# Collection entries
***
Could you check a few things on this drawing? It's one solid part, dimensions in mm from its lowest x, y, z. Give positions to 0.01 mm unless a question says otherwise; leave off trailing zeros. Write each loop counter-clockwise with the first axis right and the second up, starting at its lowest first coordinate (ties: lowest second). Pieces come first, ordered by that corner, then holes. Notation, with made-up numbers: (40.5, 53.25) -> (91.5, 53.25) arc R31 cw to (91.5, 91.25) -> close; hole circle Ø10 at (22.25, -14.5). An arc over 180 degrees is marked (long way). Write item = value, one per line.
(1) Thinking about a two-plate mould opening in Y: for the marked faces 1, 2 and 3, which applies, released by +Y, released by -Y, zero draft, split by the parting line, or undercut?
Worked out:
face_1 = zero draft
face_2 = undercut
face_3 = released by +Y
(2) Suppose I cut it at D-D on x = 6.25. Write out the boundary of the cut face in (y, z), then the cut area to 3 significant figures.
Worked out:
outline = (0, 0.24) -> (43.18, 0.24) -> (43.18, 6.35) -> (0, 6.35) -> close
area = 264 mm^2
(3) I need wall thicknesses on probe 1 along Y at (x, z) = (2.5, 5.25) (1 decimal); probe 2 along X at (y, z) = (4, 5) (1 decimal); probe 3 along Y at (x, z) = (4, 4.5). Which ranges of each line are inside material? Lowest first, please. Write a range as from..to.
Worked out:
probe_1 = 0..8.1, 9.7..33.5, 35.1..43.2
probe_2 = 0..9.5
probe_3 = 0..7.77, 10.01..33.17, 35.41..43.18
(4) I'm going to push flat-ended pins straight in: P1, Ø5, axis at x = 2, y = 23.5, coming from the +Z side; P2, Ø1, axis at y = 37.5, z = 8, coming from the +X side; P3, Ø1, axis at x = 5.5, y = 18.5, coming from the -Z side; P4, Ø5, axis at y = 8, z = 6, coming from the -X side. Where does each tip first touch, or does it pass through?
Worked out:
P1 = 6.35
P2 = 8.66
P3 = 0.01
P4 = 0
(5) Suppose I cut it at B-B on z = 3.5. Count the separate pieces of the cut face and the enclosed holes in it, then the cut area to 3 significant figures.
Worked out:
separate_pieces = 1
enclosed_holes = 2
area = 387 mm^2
***
Collect the complete line wherever the string "then" appears in the records.

Could you check a few things on this drawing? It's one solid part, dimensions in mm from its lowest x, y, z. Give positions to 0.01 mm unless a question says otherwise; leave off trailing zeros. Write each loop counter-clockwise with the first axis right and the second up, starting at its lowest first coordinate (ties: lowest second). Pieces come first, ordered by that corner, then holes. Notation, with made-up numbers: (40.5, 53.25) -> (91.5, 53.25) arc R31 cw to (91.5, 91.25) -> close; hole circle Ø10 at (22.25, -14.5). An arc over 180 degrees is marked (long way). Write item = value, one per line.
(2) Suppose I cut it at D-D on x = 6.25. Write out the boundary of the cut face in (y, z), then the cut area to 3 significant figures.
(5) Suppose I cut it at B-B on z = 3.5. Count the separate pieces of the cut face and the enclosed holes in it, then the cut area to 3 significant figures.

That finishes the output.